The key of streaming is step 3, 4, 5. The full HTML, when finished, will be like this:

<html lang="en"><body><div id="_next"><h1>Hello,

<div id="suspense-1-fallback">loading...</div>

<style>
  .stitches-xyz {
    font-size: 2rem;
  }
  .stitches-xyz-type-admin {
    color: red;
  }
</style>

<div hidden id="suspense-1-content">
  <span className="stitches-xyz stitches-xyz-type-admin">John Doe</span>
</div>

<script>
const fallbackContainer = document.getElementById('suspense-1-fallback')
const contentContainer = document.getElementById('suspense-1-content')
swap(contentContainer, fallbackContainer)
remove(fallbackContainer)
makeVisible(contentContainer)
</script>

</h1></div></body></html>

Which is totally valid. Browser receives and executes each chunk in order.

#Conclusion

As you might already noticed, there are a couple of downsides of this approach:

You’ll need to put <style> tags inside <body>, which is not recommended in the WHATWG spec.
CSS can’t be extracted out from the HTML (as .css files) and shared/cached between different pages.

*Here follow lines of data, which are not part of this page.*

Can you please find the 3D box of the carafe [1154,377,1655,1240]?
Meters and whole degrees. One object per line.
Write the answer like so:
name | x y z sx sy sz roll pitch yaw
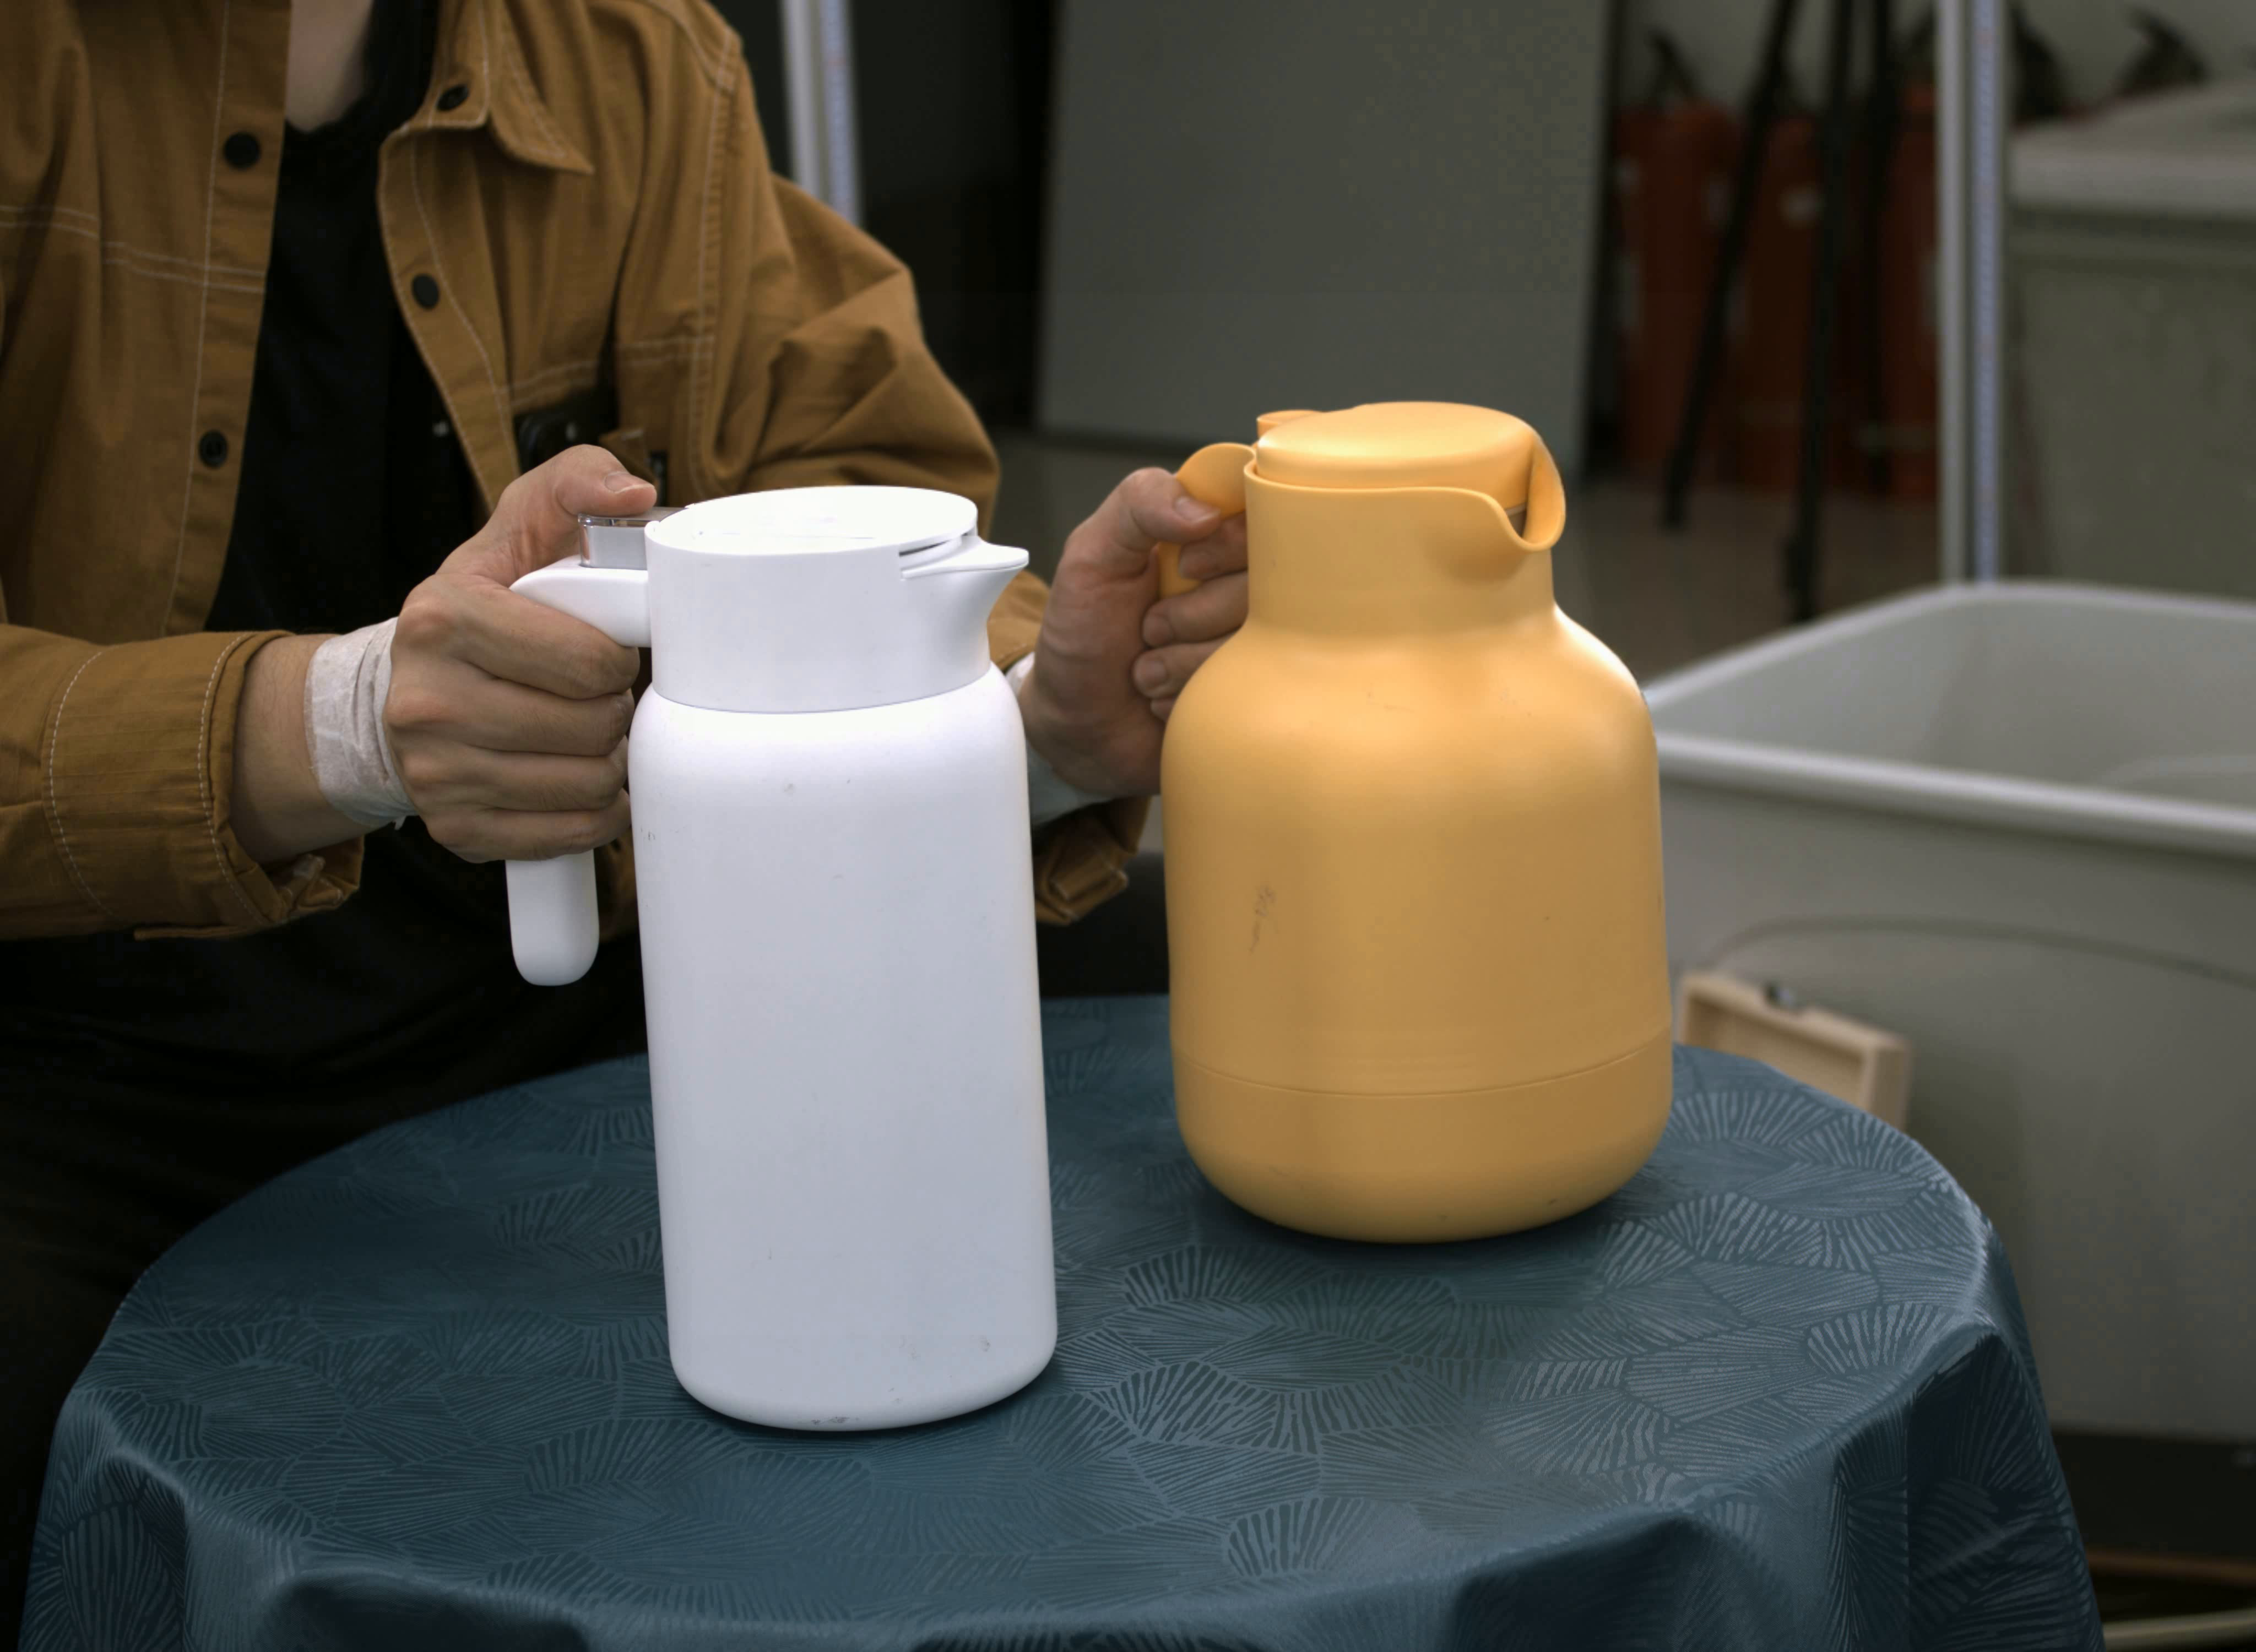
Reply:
carafe | 0.079 -0.013 1.737 0.160 0.263 0.204 -8 16 -30

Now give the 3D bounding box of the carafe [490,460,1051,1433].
carafe | -0.102 0.034 1.593 0.173 0.272 0.122 3 17 24

But there are other solutions too. If we can know all the possible styles before rendering <Page/>, we can avoid the two problems above. The old way of writing fully static CSS files is still great. Or something in the middle, such as Tailwind CSS or similar tools, to collect necessary styles at build time so you also have some flexibility.

As always, we get more power by adding more dynamism, with a cost.